What the task asks.
The printed result should hold only the lines from the opening of the data through the line bearing "aço: fios rompidos,</text>", exactly as given and without pictures.

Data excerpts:
┄┄┄┄┄┄

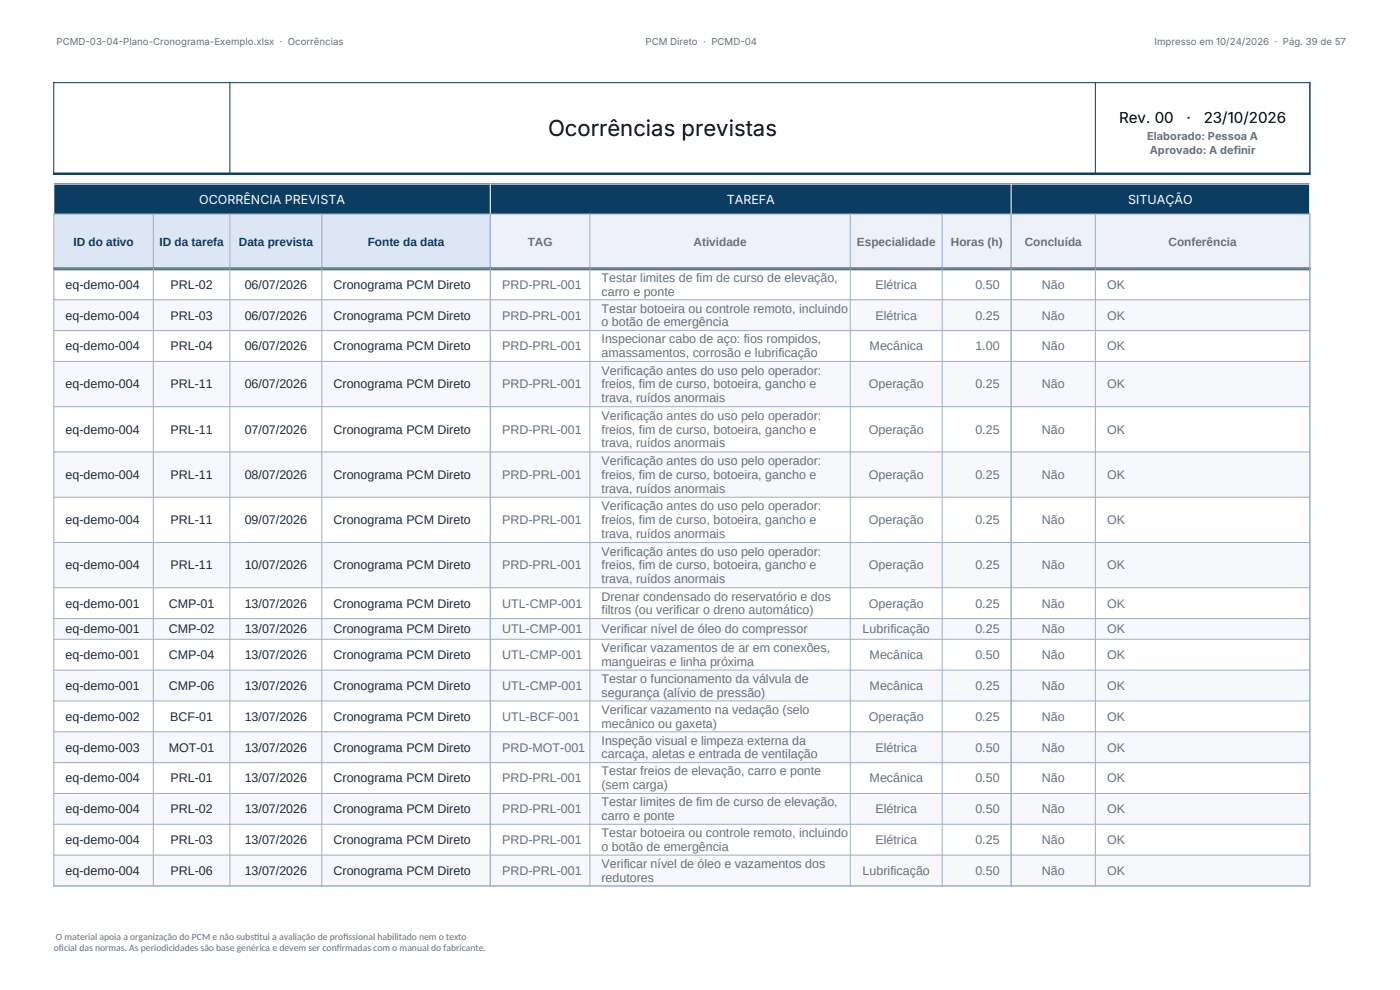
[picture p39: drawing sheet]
<svg xmlns="http://www.w3.org/2000/svg" width="297mm" height="210mm" viewBox="0 0 297 210" stroke-linecap="round" stroke-linejoin="round" font-family="sans-serif">
<defs><g id="words">
<text font-size="4.7" x="116.3" y="28.9">Ocorrências previstas</text>
<g font-size="3.2">
<text x="237.4" y="26.1">Rev. 00</text>
<text x="251.7" y="26.1">·</text>
<text x="255.4" y="26.1">23/10/2026</text>
</g>
<g font-size="2.6" fill="#fff">
<text x="42.3" y="43.2">OCORRÊNCIA PREVISTA</text>
<text x="154.2" y="43.2">TAREFA</text>
<text x="239.3" y="43.2">SITUAÇÃO</text>
</g>
<g font-size="2.6" fill="#64717d">
<text x="127.6" y="59.8">Testar limites de fim de curso de elevação,</text>
<text x="106.5" y="61.2">PRD-PRL-001</text>
<text x="127.6" y="62.7">carro e ponte</text>
<text x="185.7" y="61.2">Elétrica</text>
<text x="206.9" y="61.2">0.50</text>
<text x="221" y="61.2">Não</text>
<text x="234.9" y="61.2">OK</text>
<text x="106.5" y="67.8">PRD-PRL-001</text>
<text x="127.6" y="66.3">Testar botoeira ou controle remoto, incluindo</text>
<text x="127.6" y="69.2">o botão de emergência</text>
<text x="185.7" y="67.8">Elétrica</text>
<text x="206.9" y="67.8">0.25</text>
<text x="221" y="67.8">Não</text>
<text x="234.9" y="67.8">OK</text>
<text x="106.5" y="74.3">PRD-PRL-001</text>
<text x="127.6" y="72.8">Inspecionar cabo de aço: fios rompidos,</text>
<text x="127.6" y="75.8">amassamentos, corrosão e lubrificação</text>
<text x="184.5" y="74.3">Mecânica</text>
<text x="206.9" y="74.3">1.00</text>
<text x="221" y="74.3">Não</text>
<text x="234.9" y="74.3">OK</text>
<text x="106.5" y="82.4">PRD-PRL-001</text>
<text x="127.6" y="79.5">Verificação antes do uso pelo operador:</text>
<text x="127.6" y="82.4">freios, fim de curso, botoeira, gancho e</text>
<text x="184.3" y="82.4">Operação</text>
<text x="206.9" y="82.4">0.25</text>
<text x="221" y="82.4">Não</text>
<text x="234.9" y="82.4">OK</text>
<text x="127.6" y="85.3">trava, ruídos anormais</text>
<text x="127.6" y="89.1">Verificação antes do uso pelo operador:</text>
<text x="106.5" y="92">PRD-PRL-001</text>
<text x="127.6" y="92">freios, fim de curso, botoeira, gancho e</text>
<text x="127.6" y="94.9">trava, ruídos anormais</text>
<text x="184.3" y="92">Operação</text>
<text x="206.9" y="92">0.25</text>
<text x="221" y="92">Não</text>
<text x="234.9" y="92">OK</text>
<text x="106.5" y="101.6">PRD-PRL-001</text>
<text x="127.6" y="98.7">Verificação antes do uso pelo operador:</text>
<text x="127.6" y="101.6">freios, fim de curso, botoeira, gancho e</text>
<text x="184.3" y="101.6">Operação</text>
<text x="206.9" y="101.6">0.25</text>
<text x="221" y="101.6">Não</text>
<text x="234.9" y="101.6">OK</text>
<text x="127.6" y="104.5">trava, ruídos anormais</text>
<text x="106.5" y="111.2">PRD-PRL-001</text>
<text x="127.6" y="108.3">Verificação antes do uso pelo operador:</text>
<text x="127.6" y="111.2">freios, fim de curso, botoeira, gancho e</text>
<text x="184.3" y="111.2">Operação</text>
<text x="206.9" y="111.2">0.25</text>
<text x="221" y="111.2">Não</text>
<text x="234.9" y="111.2">OK</text>
<text x="127.6" y="114.1">trava, ruídos anormais</text>
<text x="127.6" y="117.9">Verificação antes do uso pelo operador:</text>
<text x="106.5" y="120.8">PRD-PRL-001</text>
<text x="127.6" y="120.8">freios, fim de curso, botoeira, gancho e</text>
<text x="127.6" y="123.7">trava, ruídos anormais</text>
<text x="184.3" y="120.8">Operação</text>
<text x="206.9" y="120.8">0.25</text>
<text x="221" y="120.8">Não</text>
<text x="234.9" y="120.8">OK</text>
<text x="106.5" y="128.9">UTL-CMP-001</text>
<text x="127.6" y="127.4">Drenar condensado do reservatório e dos</text>
<text x="127.6" y="130.3">filtros (ou verificar o dreno automático)</text>
<text x="184.3" y="128.9">Operação</text>
<text x="206.9" y="128.9">0.25</text>
<text x="221" y="128.9">Não</text>
<text x="234.9" y="128.9">OK</text>
<text x="106.5" y="134.3">UTL-CMP-001</text>
<text x="127.6" y="134.3">Verificar nível de óleo do compressor</text>
<text x="183" y="134.3">Lubrificação</text>
<text x="206.9" y="134.3">0.25</text>
<text x="221" y="134.3">Não</text>
<text x="234.9" y="134.3">OK</text>
<text x="106.5" y="139.8">UTL-CMP-001</text>
<text x="127.6" y="138.3">Verificar vazamentos de ar em conexões,</text>
<text x="127.6" y="141.3">mangueiras e linha próxima</text>
<text x="184.5" y="139.8">Mecânica</text>
<text x="206.9" y="139.8">0.50</text>
<text x="221" y="139.8">Não</text>
<text x="234.9" y="139.8">OK</text>
<text x="106.5" y="146.3">UTL-CMP-001</text>
<text x="127.6" y="144.9">Testar o funcionamento da válvula de</text>
<text x="127.6" y="147.8">segurança (alívio de pressão)</text>
<text x="184.5" y="146.3">Mecânica</text>
<text x="206.9" y="146.3">0.25</text>
<text x="221" y="146.3">Não</text>
<text x="234.9" y="146.3">OK</text>
<text x="106.5" y="152.9">UTL-BCF-001</text>
<text x="127.6" y="151.4">Verificar vazamento na vedação (selo</text>
<text x="127.6" y="154.3">mecânico ou gaxeta)</text>
<text x="184.3" y="152.9">Operação</text>
<text x="206.9" y="152.9">0.25</text>
<text x="221" y="152.9">Não</text>
<text x="234.9" y="152.9">OK</text>
<text x="106.5" y="159.4">PRD-MOT-001</text>
<text x="127.6" y="158">Inspeção visual e limpeza externa da</text>
<text x="127.6" y="160.9">carcaça, aletas e entrada de ventilação</text>
<text x="185.7" y="159.4">Elétrica</text>
<text x="206.9" y="159.4">0.50</text>
<text x="221" y="159.4">Não</text>
<text x="234.9" y="159.4">OK</text>
<text x="106.5" y="166">PRD-PRL-001</text>
<text x="127.6" y="164.5">Testar freios de elevação, carro e ponte</text>
<text x="127.6" y="167.4">(sem carga)</text>
<text x="184.5" y="166">Mecânica</text>
<text x="206.9" y="166">0.50</text>
<text x="221" y="166">Não</text>
<text x="234.9" y="166">OK</text>
<text x="106.5" y="172.5">PRD-PRL-001</text>
<text x="127.6" y="171">Testar limites de fim de curso de elevação,</text>
<text x="127.6" y="174">carro e ponte</text>
<text x="185.7" y="172.5">Elétrica</text>
<text x="206.9" y="172.5">0.50</text>
<text x="221" y="172.5">Não</text>
<text x="234.9" y="172.5">OK</text>
<text x="106.5" y="179">PRD-PRL-001</text>
<text x="127.6" y="177.6">Testar botoeira ou controle remoto, incluindo</text>
<text x="185.7" y="179">Elétrica</text>
<text x="206.9" y="179">0.25</text>
<text x="221" y="179">Não</text>
<text x="234.9" y="179">OK</text>
<text x="106.5" y="185.6">PRD-PRL-001</text>
<text x="127.6" y="180.5">o botão de emergência</text>
<text x="127.6" y="184.1">Verificar nível de óleo e vazamentos dos</text>
<text x="183" y="185.6">Lubrificação</text>
<text x="206.9" y="185.6">0.50</text>
<text x="221" y="185.6">Não</text>
<text x="234.9" y="185.6">OK</text>
<text x="127.6" y="187">redutores</text>
</g>
<g font-size="2.6" fill="#1f2937">
<text x="13.9" y="61.2">eq-demo-004</text>
<text x="36.2" y="61.2">PRL-02</text>
<text x="51.9" y="61.2">06/07/2026</text>
<text x="70.8" y="61.2">Cronograma PCM Direto</text>
<text x="13.9" y="67.8">eq-demo-004</text>
<text x="36.2" y="67.8">PRL-03</text>
<text x="51.9" y="67.8">06/07/2026</text>
<text x="70.8" y="67.8">Cronograma PCM Direto</text>
<text x="13.9" y="74.3">eq-demo-004</text>
<text x="36.2" y="74.3">PRL-04</text>
<text x="51.9" y="74.3">06/07/2026</text>
<text x="70.8" y="74.3">Cronograma PCM Direto</text>
<text x="13.9" y="82.4">eq-demo-004</text>
<text x="36.2" y="82.4">PRL-11</text>
<text x="51.9" y="82.4">06/07/2026</text>
<text x="70.8" y="82.4">Cronograma PCM Direto</text>
<text x="13.9" y="92">eq-demo-004</text>
<text x="36.2" y="92">PRL-11</text>
<text x="51.9" y="92">07/07/2026</text>
<text x="70.8" y="92">Cronograma PCM Direto</text>
<text x="13.9" y="101.6">eq-demo-004</text>
<text x="36.2" y="101.6">PRL-11</text>
<text x="51.9" y="101.6">08/07/2026</text>
<text x="70.8" y="101.6">Cronograma PCM Direto</text>
<text x="13.9" y="111.2">eq-demo-004</text>
<text x="36.2" y="111.2">PRL-11</text>
<text x="51.9" y="111.2">09/07/2026</text>
<text x="70.8" y="111.2">Cronograma PCM Direto</text>
<text x="13.9" y="120.8">eq-demo-004</text>
<text x="36.2" y="120.8">PRL-11</text>
<text x="51.9" y="120.8">10/07/2026</text>
<text x="70.8" y="120.8">Cronograma PCM Direto</text>
<text x="13.9" y="128.9">eq-demo-001</text>
<text x="35.8" y="128.9">CMP-01</text>
<text x="51.9" y="128.9">13/07/2026</text>
<text x="70.8" y="128.9">Cronograma PCM Direto</text>
<text x="13.9" y="134.3">eq-demo-001</text>
<text x="35.8" y="134.3">CMP-02</text>
<text x="51.9" y="134.3">13/07/2026</text>
<text x="70.8" y="134.3">Cronograma PCM Direto</text>
<text x="13.9" y="139.8">eq-demo-001</text>
<text x="35.8" y="139.8">CMP-04</text>
<text x="51.9" y="139.8">13/07/2026</text>
<text x="70.8" y="139.8">Cronograma PCM Direto</text>
<text x="13.9" y="146.3">eq-demo-001</text>
<text x="35.8" y="146.3">CMP-06</text>
<text x="51.9" y="146.3">13/07/2026</text>
<text x="70.8" y="146.3">Cronograma PCM Direto</text>
<text x="13.9" y="152.9">eq-demo-002</text>
<text x="36.1" y="152.9">BCF-01</text>
<text x="51.9" y="152.9">13/07/2026</text>
<text x="70.8" y="152.9">Cronograma PCM Direto</text>
<text x="13.9" y="159.4">eq-demo-003</text>
<text x="35.8" y="159.4">MOT-01</text>
<text x="51.9" y="159.4">13/07/2026</text>
<text x="70.8" y="159.4">Cronograma PCM Direto</text>
<text x="13.9" y="166">eq-demo-004</text>
<text x="36.2" y="166">PRL-01</text>
<text x="51.9" y="166">13/07/2026</text>
<text x="70.8" y="166">Cronograma PCM Direto</text>
<text x="13.9" y="172.5">eq-demo-004</text>
<text x="36.2" y="172.5">PRL-02</text>
<text x="51.9" y="172.5">13/07/2026</text>
<text x="70.8" y="172.5">Cronograma PCM Direto</text>
<text x="13.9" y="179">eq-demo-004</text>
<text x="36.2" y="179">PRL-03</text>
<text x="51.9" y="179">13/07/2026</text>
<text x="70.8" y="179">Cronograma PCM Direto</text>
<text x="13.9" y="185.6">eq-demo-004</text>
<text x="36.2" y="185.6">PRL-06</text>
<text x="51.9" y="185.6">13/07/2026</text>
<text x="70.8" y="185.6">Cronograma PCM Direto</text>
</g>
<g font-size="2.5" fill="#0b3d63">
<text x="15.6" y="52.1">ID do ativo</text>
<text x="33.8" y="52.1">ID da tarefa</text>
<text x="50.7" y="52.1">Data prevista</text>
<text x="78" y="52.1">Fonte da data</text>
</g>
<g font-size="2.5" fill="#64717d">
<text x="112" y="52.1">TAG</text>
<text x="147.1" y="52.1">Atividade</text>
<text x="181.8" y="52.1">Especialidade</text>
<text x="201.7" y="52.1">Horas (h)</text>
<text x="217.4" y="52.1">Concluída</text>
<text x="247.9" y="52.1">Conferência</text>
</g>
<g font-size="2.3" fill="#64717d">
<text x="243.4" y="29.8">Elaborado: Pessoa A</text>
<text x="243.9" y="32.6">Aprovado: A definir</text>
</g>
<g font-size="2" fill="#64717d">
<text x="12" y="9.6">PCMD-03-04-Plano-Cronograma-Exemplo.xlsx · Ocorrências</text>
<text x="136.9" y="9.6">PCM Direto · PCMD-04</text>
<text x="244.9" y="9.6">Impresso em 10/24/2026 · Pág. 39 de 57</text>
<text x="11.4" y="201.8">of</text>
<text x="11.9" y="199.3">O material apoia a organização do PCM e não subst</text>
<text x="12.5" y="201.8">icial das normas. As periodicidades são base genérica e devem ser conf</text>
<text x="53.9" y="199.3">itui a avaliação de prof</text>
<text x="71.4" y="201.8">irmadas com o manual do fabricante.</text>
<text x="72.8" y="199.3">issional habilitado nem o texto</text>
</g>
</g></defs>
<path d="M11.4 39h266.5v6.4h-266.5z" fill-rule="evenodd" fill="#0b3d63"/>
<path d="M11.4 45.4h92.6v11.6h-92.6z" fill-rule="evenodd" fill="#dce6f5"/>
<path d="M104 45.4h173.9v11.6h-173.9z" fill-rule="evenodd" fill="#eef2f8"/>
<path d="M11.3 17.5h266.7M11.4 17.4v19.7M48.8 17.4v19.7M232.4 17.4v19.7M277.9 17.4v19.7" fill="none" stroke="#0b3d63" stroke-width=".22"/>
<path d="M11.3 36.9h266.7M11.3 57h266.7" fill="none" stroke="#0b3d63" stroke-width=".51"/>
<path d="M11.3 39h266.7M11.4 38.9v6.6M104 38.9v6.6M214.5 38.9v6.6M277.9 38.9v6.6" fill="none" stroke="#fff" stroke-width=".22"/>
<path d="M11.3 45.4h266.7M11.4 45.3v12M32.5 45.3v12M48.8 45.3v12M68.3 45.3v12M104 45.3v12M125.1 45.3v12M180.4 45.3v12M199.9 45.3v12M214.5 45.3v12M232.4 45.3v12M277.9 45.3v12" fill="none" stroke="#9fb0c9" stroke-width=".22"/>
<g fill="#f6f8fc">
<path d="M11.4 63.6h266.5v6.5h-266.5z" fill-rule="evenodd"/>
<path d="M11.4 76.6h266.5v9.7h-266.5z" fill-rule="evenodd"/>
<path d="M11.4 95.8h266.5v9.7h-266.5z" fill-rule="evenodd"/>
<path d="M11.4 115.1h266.5v9.6h-266.5z" fill-rule="evenodd"/>
<path d="M11.4 131.2h266.5v4.4h-266.5z" fill-rule="evenodd"/>
<path d="M11.4 142.1h266.5v6.6h-266.5z" fill-rule="evenodd"/>
<path d="M11.4 155.2h266.5v6.6h-266.5z" fill-rule="evenodd"/>
<path d="M11.4 168.3h266.5v6.5h-266.5z" fill-rule="evenodd"/>
<path d="M11.4 181.4h266.5v6.5h-266.5z" fill-rule="evenodd"/>
</g>
<g fill="none" stroke="#9fb0c9" stroke-width=".22">
<path d="M11.3 57h266.7M11.4 56.9v131.1M32.5 56.9v131.1M48.8 56.9v131.1M68.3 56.9v131.1M104 56.9v131.1M125.1 56.9v131.1M180.4 56.9v131.1M199.9 56.9v131.1M214.5 56.9v131.1M232.4 56.9v131.1M277.9 56.9v131.1"/>
<path d="M11.3 63.6h266.7M11.3 70.1h266.7M11.3 76.7h266.7M11.3 86.3h266.7M11.3 95.9h266.7M11.3 105.5h266.7M11.3 115.1h266.7M11.3 124.7h266.7M11.3 131.2h266.7M11.3 135.6h266.7M11.3 142.2h266.7M11.3 148.7h266.7"/>
<path d="M11.3 155.2h266.7M11.3 161.8h266.7M11.3 168.3h266.7M11.3 174.9h266.7M11.3 181.4h266.7M11.3 187.9h266.7"/>
</g>
<use href="#words"/>
</svg>

┄┄┄┄┄┄

Expected output.
[picture p39: drawing sheet]
<svg xmlns="http://www.w3.org/2000/svg" width="297mm" height="210mm" viewBox="0 0 297 210" stroke-linecap="round" stroke-linejoin="round" font-family="sans-serif">
<defs><g id="words">
<text font-size="4.7" x="116.3" y="28.9">Ocorrências previstas</text>
<g font-size="3.2">
<text x="237.4" y="26.1">Rev. 00</text>
<text x="251.7" y="26.1">·</text>
<text x="255.4" y="26.1">23/10/2026</text>
</g>
<g font-size="2.6" fill="#fff">
<text x="42.3" y="43.2">OCORRÊNCIA PREVISTA</text>
<text x="154.2" y="43.2">TAREFA</text>
<text x="239.3" y="43.2">SITUAÇÃO</text>
</g>
<g font-size="2.6" fill="#64717d">
<text x="127.6" y="59.8">Testar limites de fim de curso de elevação,</text>
<text x="106.5" y="61.2">PRD-PRL-001</text>
<text x="127.6" y="62.7">carro e ponte</text>
<text x="185.7" y="61.2">Elétrica</text>
<text x="206.9" y="61.2">0.50</text>
<text x="221" y="61.2">Não</text>
<text x="234.9" y="61.2">OK</text>
<text x="106.5" y="67.8">PRD-PRL-001</text>
<text x="127.6" y="66.3">Testar botoeira ou controle remoto, incluindo</text>
<text x="127.6" y="69.2">o botão de emergência</text>
<text x="185.7" y="67.8">Elétrica</text>
<text x="206.9" y="67.8">0.25</text>
<text x="221" y="67.8">Não</text>
<text x="234.9" y="67.8">OK</text>
<text x="106.5" y="74.3">PRD-PRL-001</text>
<text x="127.6" y="72.8">Inspecionar cabo de aço: fios rompidos,</text>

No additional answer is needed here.